Facts: Harold Harvey owned a pastoral property. When he became too ill to work it, he entered into an agreement with his brother Horace under which Horace and his two sons undertook to work the property in partnership with him. Harold had originally intended to sell the property but Horace convinced him that the proposed arrangement was preferable. It gave Horaces sons some experience running a pastoral property and it also ensured that the land would be available for Harolds son Robin, then aged six, if he wanted to take it over when he got older. Harold was to bring into the proposed business certain stock and implements and the firm of H L Harvey and Sons (Horace) was to contribute labour and skill but no other capital. Harold was to take no active part in the enterprise but profits and expenses were to be divided equally between Harold and his brothers firm. When the partnership was dissolved, a dispute arose about whether the land had become partnership property (and, therefore, whether it had to be sold and the proceeds divided between Harold, Horace and Horaces sons).

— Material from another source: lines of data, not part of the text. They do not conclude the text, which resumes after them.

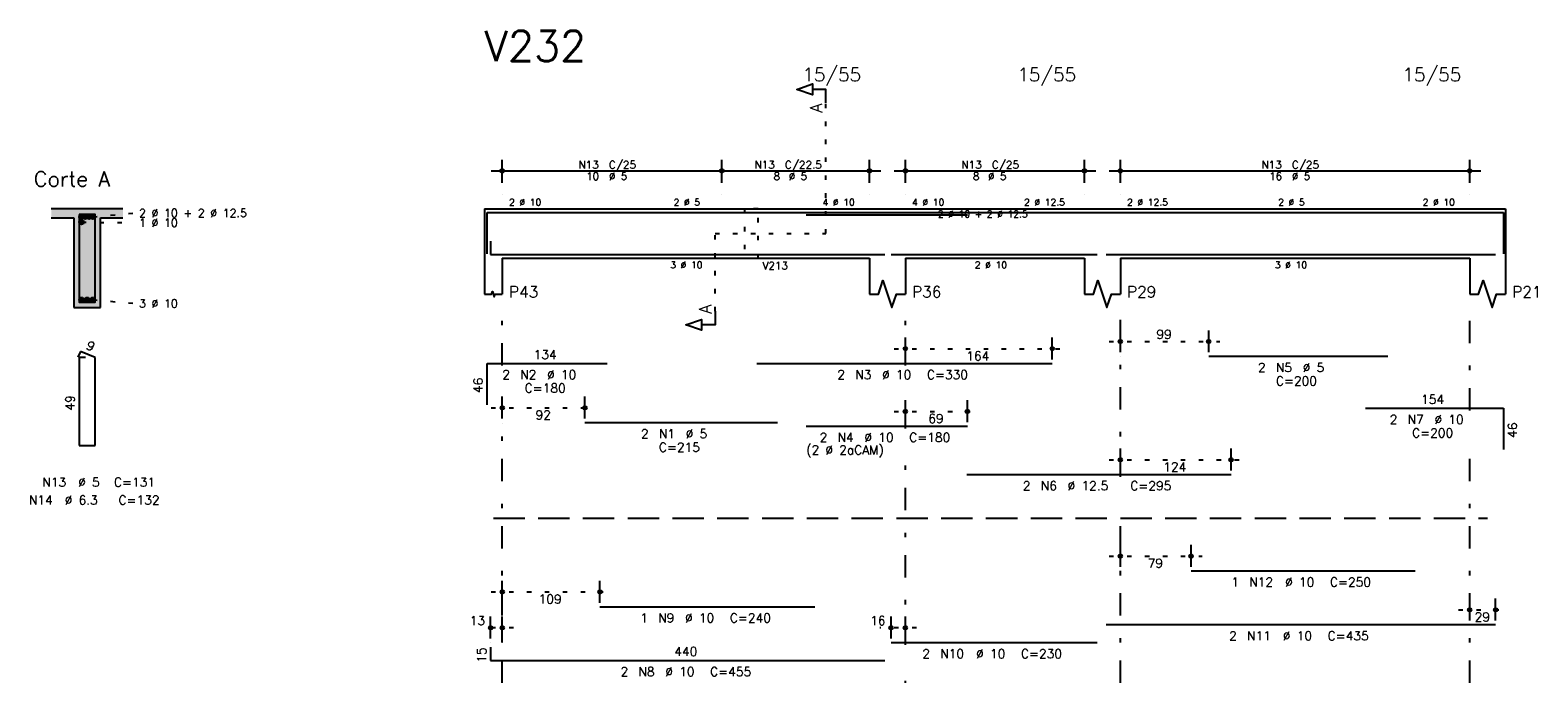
# Model space of a CAD drawing. Extents: x 0 to 84.1, y 0 to 59.4.
# Tile 5 of 8: x 31.7 to 65.4, y 22.5 to 37.1. Entities that reach past the tile are written whole.
import ezdxf

# ---------------------------------------------------------------- set-up
doc = ezdxf.new("R2010")
doc.units = 0
doc.header["$MEASUREMENT"] = 0
for name, pattern in [('ESTILO_TQS_0001', [1, 0.7, -0.3]), ('ESTILO_TQS_0002', [0.4, 0.1, -0.3]), ('ESTILO_TQS_0003', [1.5, 0.5, -0.4, 0.1, -0.5])]:
    doc.linetypes.add(name, pattern=pattern)
for name, color, linetype in [('1', 1, 'CONTINUOUS'), ('2', 2, 'CONTINUOUS'), ('4', 4, 'CONTINUOUS'), ('6', 6, 'CONTINUOUS'), ('7', 7, 'CONTINUOUS'), ('9', 9, 'CONTINUOUS')]:
    doc.layers.add(name, color=color, linetype=linetype)
doc.styles.get("Standard").update_dxf_attribs({"font": 'ROMANS.SHX'})

msp = doc.modelspace()

# ---------------------------------------------------------------- linework, layer by layer
at = {"layer": '1', "linetype": 'ESTILO_TQS_0002'}
for p, q in [((49.485, 32.56), (49.485, 35.48)), ((33.115, 32.935), (34.06, 33.02)), ((32.865, 32.815), (34.06, 32.804)), ((47.01, 30.825), (47.01, 32.56)), ((47.01, 32.56), (49.485, 32.56)), ((33.115, 31.085), (34.06, 31)), ((51.01, 29.99), (54.79, 29.99)), ((55.81, 30.15), (58.283, 30.15)), ((42.01, 28.67), (44.355, 28.67)), ((51.01, 28.59), (52.895, 28.59)), ((55.81, 27.51), (58.783, 27.51)), ((55.81, 25.36), (57.89, 25.36)), ((42.01, 24.56), (44.69, 24.56)), ((63.61, 24.16), (64.69, 24.16)), ((42.51, 23.76), (41.75, 23.76)), ((51.51, 23.76), (50.69, 23.76))]:
    msp.add_line(p, q, dxfattribs=at)
at = {"layer": '1', "linetype": 'ESTILO_TQS_0001'}
msp.add_line((42.06, 26.205), (64.26, 26.205), dxfattribs=at)
at = {"layer": '1', "linetype": 'ESTILO_TQS_0002'}
msp.add_lwpolyline([(47.67, 33.11), (47.67, 32.01), (47.97, 32.01), (47.97, 33.11), (47.67, 33.11)], dxfattribs=at)
at = {"layer": '1', "linetype": 'Continuous'}
for centre in [(32.865, 32.935), (32.865, 32.815), (32.948, 32.935), (33.032, 32.935), (33.115, 32.935), (32.865, 31.085), (32.99, 31.085), (33.115, 31.085)]:
    msp.add_circle(centre, 0.05, dxfattribs=at)
at = {"layer": '2', "linetype": 'Continuous'}
for p, q in [((42.26, 33.69), (42.26, 34.21)), ((47.16, 33.69), (47.16, 34.21)), ((47.16, 33.69), (47.16, 34.21)), ((50.46, 33.69), (50.46, 34.21)), ((51.26, 33.69), (51.26, 34.21)), ((55.26, 33.69), (55.26, 34.21)), ((56.06, 33.69), (56.06, 34.21)), ((63.86, 33.69), (63.86, 34.21)), ((42.01, 33.96), (47.41, 33.96)), ((46.91, 33.96), (50.71, 33.96)), ((51.01, 33.96), (55.51, 33.96)), ((55.81, 33.96), (64.11, 33.96)), ((42.26, 33.44), (42.26, 33.44)), ((47.16, 33.44), (47.16, 33.44)), ((47.16, 33.44), (47.16, 33.44)), ((50.46, 33.44), (50.46, 33.44)), ((51.26, 33.44), (51.26, 33.44)), ((55.26, 33.44), (55.26, 33.44)), ((56.06, 33.44), (56.06, 33.44)), ((63.86, 33.44), (63.86, 33.44)), ((33.79, 33.11), (32.19, 33.11)), ((41.86, 33.11), (41.86, 32.01)), ((41.86, 33.11), (42.26, 33.11)), ((42.26, 33.11), (50.46, 33.11)), ((50.46, 33.11), (51.26, 33.11)), ((51.26, 33.11), (55.26, 33.11)), ((55.26, 33.11), (56.06, 33.11)), ((56.06, 33.11), (63.86, 33.11)), ((63.86, 33.11), (64.66, 33.11)), ((64.66, 33.11), (64.66, 32.01)), ((32.19, 32.91), (32.69, 32.91)), ((32.69, 32.91), (32.69, 30.91)), ((33.29, 30.91), (33.29, 32.91)), ((33.29, 32.91), (33.79, 32.91)), ((41.86, 32.01), (41.86, 31.21)), ((42.26, 32.01), (50.46, 32.01)), ((42.26, 32.01), (42.26, 31.21)), ((50.46, 32.01), (50.46, 31.21)), ((51.26, 32.01), (55.26, 32.01)), ((51.26, 32.01), (51.26, 31.21)), ((55.26, 32.01), (55.26, 31.21)), ((56.06, 32.01), (63.86, 32.01)), ((56.06, 32.01), (56.06, 31.21)), ((63.86, 32.01), (63.86, 31.21)), ((64.66, 32.01), (64.66, 31.21)), ((32.69, 30.91), (33.29, 30.91)), ((56.06, 29.91), (56.06, 30.4)), ((58.033, 29.91), (58.033, 30.4)), ((51.26, 29.75), (51.26, 30.24)), ((54.54, 29.75), (54.54, 30.24)), ((51.26, 29.65), (51.26, 29.65)), ((54.54, 29.65), (54.54, 29.65)), ((56.06, 29.81), (56.06, 29.81)), ((58.033, 29.81), (58.033, 29.81)), ((42.26, 28.43), (42.26, 28.92)), ((44.105, 28.43), (44.105, 28.92)), ((51.26, 28.35), (51.26, 28.84)), ((52.645, 28.35), (52.645, 28.84)), ((42.26, 28.33), (42.26, 28.33)), ((44.105, 28.33), (44.105, 28.33)), ((51.26, 28.25), (51.26, 28.25)), ((52.645, 28.25), (52.645, 28.25)), ((56.06, 27.27), (56.06, 27.76)), ((58.533, 27.27), (58.533, 27.76)), ((56.06, 27.17), (56.06, 27.17)), ((58.533, 27.17), (58.533, 27.17)), ((56.06, 25.12), (56.06, 25.61)), ((57.64, 25.12), (57.64, 25.61)), ((56.06, 25.02), (56.06, 25.02)), ((57.64, 25.02), (57.64, 25.02)), ((42.26, 24.32), (42.26, 24.81)), ((44.44, 24.32), (44.44, 24.81)), ((63.86, 23.92), (63.86, 24.41)), ((64.44, 23.92), (64.44, 24.41)), ((42, 23.52), (42, 24.01)), ((42.26, 24.22), (42.26, 24.22)), ((42.26, 23.52), (42.26, 24.01)), ((44.44, 24.22), (44.44, 24.22)), ((50.94, 23.52), (50.94, 24.01)), ((51.26, 23.52), (51.26, 24.01)), ((63.86, 23.82), (63.86, 23.82)), ((64.44, 23.82), (64.44, 23.82)), ((42, 23.42), (42, 23.42)), ((42.26, 23.42), (42.26, 23.42)), ((50.94, 23.42), (50.94, 23.42)), ((51.26, 23.42), (51.26, 23.42))]:
    msp.add_line(p, q, dxfattribs=at)
at = {"layer": '2', "linetype": 'ESTILO_TQS_0003'}
for p, q in [((42.26, 29.612), (42.26, 30.86)), ((51.26, 29.612), (51.26, 30.86)), ((56.06, 27.132), (56.06, 30.86)), ((63.86, 28.612), (63.86, 30.86)), ((42.26, 22.53), (42.26, 28.808)), ((51.26, 28.212), (51.26, 28.808)), ((63.86, 22.53), (63.86, 27.808)), ((51.26, 23.382), (51.26, 27.408)), ((56.06, 22.53), (56.06, 26.328)), ((51.26, 22.53), (51.26, 22.578))]:
    msp.add_line(p, q, dxfattribs=at)
at = {"layer": '2', "linetype": 'Continuous'}
for points in [[(49.485, 35.48), (49.485, 35.78), (49.185, 35.78), (49.185, 35.66), (48.835, 35.78), (49.185, 35.9), (49.185, 35.78)], [(50.46, 31.21), (50.66, 31.21), (50.76, 31.51), (50.96, 30.91), (51.06, 31.21), (51.26, 31.21)], [(55.26, 31.21), (55.46, 31.21), (55.56, 31.51), (55.76, 30.91), (55.86, 31.21), (56.06, 31.21)], [(63.86, 31.21), (64.06, 31.21), (64.16, 31.51), (64.36, 30.91), (64.46, 31.21), (64.66, 31.21)], [(41.86, 31.21), (42.02, 31.21), (42.04, 31.27), (42.08, 31.15), (42.1, 31.21), (42.26, 31.21)], [(47.01, 30.825), (47.01, 30.525), (46.71, 30.525), (46.71, 30.405), (46.36, 30.525), (46.71, 30.645), (46.71, 30.525)]]:
    msp.add_lwpolyline(points, dxfattribs=at)
for centre, radius in [((42.26, 33.96), 0.0416), ((47.16, 33.96), 0.0416), ((47.16, 33.96), 0.0416), ((50.46, 33.96), 0.0416), ((51.26, 33.96), 0.0416), ((55.26, 33.96), 0.0416), ((56.06, 33.96), 0.0416), ((63.86, 33.96), 0.0416), ((42.26, 33.96), 0.0208), ((47.16, 33.96), 0.0208), ((47.16, 33.96), 0.0208), ((50.46, 33.96), 0.0208), ((51.26, 33.96), 0.0208), ((55.26, 33.96), 0.0208), ((56.06, 33.96), 0.0208), ((63.86, 33.96), 0.0208), ((51.26, 29.99), 0.04), ((51.26, 29.99), 0.02), ((54.54, 29.99), 0.04), ((54.54, 29.99), 0.02), ((56.06, 30.15), 0.04), ((56.06, 30.15), 0.02), ((58.033, 30.15), 0.04), ((58.033, 30.15), 0.02), ((42.26, 28.67), 0.04), ((42.26, 28.67), 0.02), ((44.105, 28.67), 0.04), ((44.105, 28.67), 0.02), ((51.26, 28.59), 0.04), ((52.645, 28.59), 0.04), ((51.26, 28.59), 0.02), ((52.645, 28.59), 0.02), ((56.06, 27.51), 0.04), ((56.06, 27.51), 0.02), ((58.533, 27.51), 0.04), ((58.533, 27.51), 0.02), ((56.06, 25.36), 0.04), ((56.06, 25.36), 0.02), ((57.64, 25.36), 0.04), ((57.64, 25.36), 0.02), ((42.26, 24.56), 0.04), ((42.26, 24.56), 0.02), ((44.44, 24.56), 0.04), ((44.44, 24.56), 0.02), ((63.86, 24.16), 0.04), ((63.86, 24.16), 0.02), ((64.44, 24.16), 0.04), ((64.44, 24.16), 0.02), ((42, 23.76), 0.04), ((42, 23.76), 0.02), ((42.26, 23.76), 0.04), ((42.26, 23.76), 0.02), ((50.94, 23.76), 0.04), ((50.94, 23.76), 0.02), ((51.26, 23.76), 0.04), ((51.26, 23.76), 0.02)]:
    msp.add_circle(centre, radius, dxfattribs=at)
at = {"layer": '4', "linetype": 'Continuous'}
for p, q in [((41.92, 32.11), (41.92, 33.03)), ((41.92, 33.03), (44.6, 33.03)), ((44.105, 33.03), (48.405, 33.03)), ((47.94, 33.03), (54.54, 33.03)), ((52.633, 33.03), (58.533, 33.03)), ((58.033, 33.03), (62.033, 33.03)), ((61.535, 33.03), (64.615, 33.03)), ((64.615, 33.03), (64.615, 32.11)), ((49.045, 32.98), (52.645, 32.98)), ((42, 32.39), (42, 32.09)), ((42, 32.09), (50.8, 32.09)), ((44.44, 32.09), (49.24, 32.09)), ((50.94, 32.09), (55.54, 32.09)), ((55.74, 32.09), (64.44, 32.09)), ((57.64, 32.09), (62.64, 32.09))]:
    msp.add_line(p, q, dxfattribs=at)
msp.add_lwpolyline([(32.81, 32.99), (32.81, 31.03), (33.17, 31.03), (33.17, 32.99), (32.81, 32.99)], dxfattribs=at)
at = {"layer": '6', "linetype": 'Continuous'}
for p, q in [((32.838, 29.93), (32.784, 29.801)), ((32.95, 29.79), (32.81, 29.79)), ((32.81, 29.79), (32.81, 27.83)), ((33.17, 29.79), (32.838, 29.93)), ((33.17, 27.83), (33.17, 29.79)), ((41.92, 28.74), (41.92, 29.66)), ((41.92, 29.66), (44.6, 29.66)), ((47.94, 29.66), (54.54, 29.66)), ((58.033, 29.82), (62.033, 29.82)), ((61.535, 28.66), (64.615, 28.66)), ((64.615, 28.66), (64.615, 27.74)), ((44.105, 28.34), (48.405, 28.34)), ((49.045, 28.26), (52.645, 28.26)), ((32.81, 27.83), (33.17, 27.83)), ((52.633, 27.18), (58.533, 27.18)), ((57.64, 25.03), (62.64, 25.03)), ((44.44, 24.23), (49.24, 24.23)), ((55.74, 23.83), (64.44, 23.83)), ((42, 23.33), (42, 23.03)), ((50.94, 23.43), (55.54, 23.43)), ((42, 23.03), (50.8, 23.03))]:
    msp.add_line(p, q, dxfattribs=at)
at = {"layer": '9', "linetype": 'Continuous'}
for points in [[(32.19, 33.11), (32.19, 32.91), (32.69, 32.91)], [(32.19, 33.11), (32.69, 32.91), (33.79, 33.11)], [(32.69, 32.91), (33.29, 32.91), (33.79, 33.11)], [(33.29, 32.91), (33.79, 32.91), (33.79, 33.11)], [(32.69, 30.91), (33.29, 30.91), (32.69, 32.91)], [(33.29, 30.91), (33.29, 32.91), (32.69, 32.91)], [(32.915, 32.935), (32.84, 32.978), (32.818, 32.952)], [(32.915, 32.935), (32.818, 32.952), (32.818, 32.918)], [(32.915, 32.935), (32.818, 32.918), (32.84, 32.892)], [(32.915, 32.815), (32.84, 32.858), (32.818, 32.832)], [(32.915, 32.815), (32.818, 32.832), (32.818, 32.798)], [(32.915, 32.815), (32.818, 32.798), (32.84, 32.772)], [(32.915, 32.935), (32.874, 32.984), (32.84, 32.978)], [(32.915, 32.935), (32.84, 32.892), (32.874, 32.886)], [(32.915, 32.815), (32.874, 32.864), (32.84, 32.858)], [(32.915, 32.815), (32.84, 32.772), (32.874, 32.766)], [(32.915, 32.935), (32.903, 32.967), (32.874, 32.984)], [(32.915, 32.935), (32.874, 32.886), (32.903, 32.903)], [(32.915, 32.815), (32.903, 32.847), (32.874, 32.864)], [(32.915, 32.815), (32.874, 32.766), (32.903, 32.783)], [(32.998, 32.935), (32.923, 32.978), (32.901, 32.952)], [(32.998, 32.935), (32.901, 32.952), (32.901, 32.918)], [(32.998, 32.935), (32.901, 32.918), (32.923, 32.892)], [(32.915, 32.935), (32.903, 32.903), (32.915, 32.935)], [(32.915, 32.815), (32.903, 32.783), (32.915, 32.815)], [(32.998, 32.935), (32.957, 32.984), (32.923, 32.978)], [(32.998, 32.935), (32.923, 32.892), (32.957, 32.886)], [(32.998, 32.935), (32.987, 32.967), (32.957, 32.984)], [(32.998, 32.935), (32.957, 32.886), (32.987, 32.903)], [(33.082, 32.935), (33.007, 32.978), (32.985, 32.952)], [(33.082, 32.935), (32.985, 32.952), (32.985, 32.918)], [(33.082, 32.935), (32.985, 32.918), (33.007, 32.892)], [(32.998, 32.935), (32.987, 32.903), (32.998, 32.935)], [(33.082, 32.935), (33.04, 32.984), (33.007, 32.978)], [(33.082, 32.935), (33.007, 32.892), (33.04, 32.886)], [(33.082, 32.935), (33.07, 32.967), (33.04, 32.984)], [(33.082, 32.935), (33.04, 32.886), (33.07, 32.903)], [(33.165, 32.935), (33.09, 32.978), (33.068, 32.952)], [(33.165, 32.935), (33.068, 32.952), (33.068, 32.918)], [(33.165, 32.935), (33.068, 32.918), (33.09, 32.892)], [(33.082, 32.935), (33.07, 32.903), (33.082, 32.935)], [(33.165, 32.935), (33.124, 32.984), (33.09, 32.978)], [(33.165, 32.935), (33.09, 32.892), (33.124, 32.886)], [(33.165, 32.935), (33.153, 32.967), (33.124, 32.984)], [(33.165, 32.935), (33.124, 32.886), (33.153, 32.903)], [(33.165, 32.935), (33.153, 32.903), (33.165, 32.935)], [(32.915, 31.085), (32.84, 31.128), (32.818, 31.102)], [(32.915, 31.085), (32.818, 31.102), (32.818, 31.068)], [(32.915, 31.085), (32.818, 31.068), (32.84, 31.042)], [(32.915, 31.085), (32.874, 31.134), (32.84, 31.128)], [(32.915, 31.085), (32.84, 31.042), (32.874, 31.036)], [(32.915, 31.085), (32.903, 31.117), (32.874, 31.134)], [(32.915, 31.085), (32.874, 31.036), (32.903, 31.053)], [(32.915, 31.085), (32.903, 31.053), (32.915, 31.085)], [(33.04, 31.085), (32.965, 31.128), (32.943, 31.102)], [(33.04, 31.085), (32.943, 31.102), (32.943, 31.068)], [(33.04, 31.085), (32.943, 31.068), (32.965, 31.042)], [(33.04, 31.085), (32.999, 31.134), (32.965, 31.128)], [(33.04, 31.085), (32.965, 31.042), (32.999, 31.036)], [(33.04, 31.085), (33.028, 31.117), (32.999, 31.134)], [(33.04, 31.085), (32.999, 31.036), (33.028, 31.053)], [(33.04, 31.085), (33.028, 31.053), (33.04, 31.085)], [(33.165, 31.085), (33.09, 31.128), (33.068, 31.102)], [(33.165, 31.085), (33.068, 31.102), (33.068, 31.068)], [(33.165, 31.085), (33.068, 31.068), (33.09, 31.042)], [(33.165, 31.085), (33.124, 31.134), (33.09, 31.128)], [(33.165, 31.085), (33.09, 31.042), (33.124, 31.036)], [(33.165, 31.085), (33.153, 31.117), (33.124, 31.134)], [(33.165, 31.085), (33.124, 31.036), (33.153, 31.053)], [(33.165, 31.085), (33.153, 31.053), (33.165, 31.085)]]:
    msp.add_solid(points, dxfattribs=at)

# ---------------------------------------------------------------- texts
at = {"layer": '2', "linetype": 'Continuous'}
for s, height, p in [('15/55', 0.3, (48.96, 35.96)), ('15/55', 0.3, (53.76, 35.96)), ('15/55', 0.3, (62.36, 35.96)), ('N13', 0.17, (43.962, 34.011)), ('C/25', 0.17, (44.642, 34.011)), ('N13', 0.17, (47.892, 34.011)), ('C/22.5', 0.17, (48.572, 34.011)), ('N13', 0.17, (52.512, 34.011)), ('C/25', 0.17, (53.192, 34.011)), ('N13', 0.17, (59.212, 34.011)), ('C/25', 0.17, (59.892, 34.011)), ('Corte A', 0.34, (31.8, 33.61)), ('10', 0.17, (44.132, 33.756)), ('%%c 5', 0.17, (44.642, 33.756)), ('8', 0.17, (48.317, 33.756)), ('%%c 5', 0.17, (48.657, 33.756)), ('8', 0.17, (52.767, 33.756)), ('%%c 5', 0.17, (53.107, 33.756)), ('16', 0.17, (59.382, 33.756)), ('%%c 5', 0.17, (59.892, 33.756)), ('2 %%c 10', 0.15, (42.41, 33.185)), ('2 %%c 5', 0.15, (46.085, 33.185)), ('4 %%c 10', 0.15, (49.41, 33.185)), ('4 %%c 10', 0.15, (51.41, 33.185)), ('2 %%c 12.5', 0.15, (53.91, 33.185)), ('2 %%c 12.5', 0.15, (56.21, 33.185)), ('2 %%c 5', 0.15, (59.585, 33.185)), ('2 %%c 10', 0.15, (62.81, 33.185)), ('2 %%c 10 + 2 %%c 12.5', 0.18, (34.15, 32.93)), ('2 %%c 10 + 2 %%c 12.5', 0.15, (51.985, 32.922)), ('1 %%c 10', 0.18, (34.15, 32.714)), ('3 %%c 10', 0.15, (46.01, 31.785)), ('V213', 0.17, (48.07, 31.76)), ('2 %%c 10', 0.15, (52.81, 31.785)), ('3 %%c 10', 0.15, (59.51, 31.785)), ('P43', 0.25, (42.41, 31.135)), ('P36', 0.25, (51.41, 31.135)), ('P29', 0.25, (56.21, 31.135)), ('P21', 0.25, (64.81, 31.135)), ('3 %%c 10', 0.18, (34.15, 30.91)), ('99', 0.2, (56.866, 30.21)), ('134', 0.2, (42.96, 29.76)), ('164', 0.2, (52.62, 29.73)), ('2', 0.2, (59.133, 29.47)), ('N5', 0.2, (59.533, 29.47)), ('%%c 5', 0.2, (60.133, 29.47)), ('2', 0.2, (42.26, 29.31)), ('N2', 0.2, (42.66, 29.31)), ('%%c 10', 0.2, (43.26, 29.31)), ('2', 0.2, (49.74, 29.31)), ('N3', 0.2, (50.14, 29.31)), ('%%c 10', 0.2, (50.74, 29.31)), ('C=330', 0.2, (51.74, 29.31)), ('C=200', 0.2, (59.533, 29.17)), ('C=180', 0.2, (42.76, 29.01)), ('154', 0.2, (62.775, 28.76)), ('92', 0.2, (43.002, 28.41)), ('69', 0.2, (51.772, 28.33)), ('2', 0.2, (62.075, 28.31)), ('N7', 0.2, (62.475, 28.31)), ('%%c 10', 0.2, (63.075, 28.31)), ('2', 0.2, (45.355, 27.99)), ('N1', 0.2, (45.755, 27.99)), ('%%c 5', 0.2, (46.355, 27.99)), ('2', 0.2, (49.345, 27.91)), ('N4', 0.2, (49.745, 27.91)), ('%%c 10', 0.2, (50.345, 27.91)), ('C=180', 0.2, (51.345, 27.91)), ('C=200', 0.2, (62.575, 28.01)), ('C=215', 0.2, (45.755, 27.69)), ('(2 %%c 2aCAM)', 0.2, (49.045, 27.63)), ('124', 0.2, (57.017, 27.25)), ('N13', 0.2, (31.99, 26.91)), ('%%c 5', 0.2, (32.79, 26.91)), ('C=131', 0.2, (33.59, 26.91)), ('2', 0.2, (53.883, 26.83)), ('N6', 0.2, (54.283, 26.83)), ('%%c 12.5', 0.2, (54.883, 26.83)), ('C=295', 0.2, (56.283, 26.83)), ('N14', 0.2, (31.69, 26.51)), ('%%c 6.3', 0.2, (32.49, 26.51)), ('C=132', 0.2, (33.69, 26.51)), ('79', 0.2, (56.67, 25.1)), ('1', 0.2, (58.54, 24.68)), ('N12', 0.2, (58.94, 24.68)), ('%%c 10', 0.2, (59.74, 24.68)), ('C=250', 0.2, (60.74, 24.68)), ('109', 0.2, (43.07, 24.3)), ('13', 0.2, (41.533, 23.82)), ('1', 0.2, (45.34, 23.88)), ('N9', 0.2, (45.74, 23.88)), ('%%c 10', 0.2, (46.34, 23.88)), ('C=240', 0.2, (47.34, 23.88)), ('16', 0.2, (50.473, 23.82)), ('29', 0.2, (63.97, 23.9)), ('2', 0.2, (58.49, 23.48)), ('N11', 0.2, (58.89, 23.48)), ('%%c 10', 0.2, (59.69, 23.48)), ('C=435', 0.2, (60.69, 23.48)), ('440', 0.2, (46.1, 23.13)), ('2', 0.2, (51.64, 23.08)), ('N10', 0.2, (52.04, 23.08)), ('%%c 10', 0.2, (52.84, 23.08)), ('C=230', 0.2, (53.84, 23.08)), ('2', 0.2, (44.9, 22.68)), ('N8', 0.2, (45.3, 22.68)), ('%%c 10', 0.2, (45.9, 22.68)), ('C=455', 0.2, (46.9, 22.68))]:
    msp.add_text(s, height=height, dxfattribs=at).set_placement(p)
for s, height, rotation, p in [('A', 0.272, 90, (49.403, 35.262)), ('A', 0.272, 90, (46.928, 30.771)), ('9', 0.2, 337.1146, (32.951, 29.991)), ('46', 0.2, 90, (41.82, 29)), ('49', 0.2, 90, (32.71, 28.61)), ('46', 0.2, 90, (64.915, 28)), ('15', 0.2, 90, (41.9, 22.98))]:
    msp.add_text(s, height=height, rotation=rotation, dxfattribs=at).set_placement(p)
at = {"layer": '7', "linetype": 'Continuous'}
msp.add_text('V232', height=0.68, dxfattribs=at).set_placement((41.86, 36.41))

doc.saveas('drawing.dxf')

Held: The land had not become partnership property. The court accepted that Harold had never intended that it would become a partnership asset. In fact, his intention (and his brothers intention) was quite clear the property was to be run in partnership only until Harolds son Robin was old enough to take it over. The partnership arrangement was merely a means of ensuring that the property could be kept in Harolds hands until Robin was old enough to work it himself. Consequently, the land, including all improvements, had not become partnership property. It was, therefore, not divisible among the partners. (However, the final accounts were adjusted because Harold had not paid his fair share of the cost of those improvements while the partnership was on foot).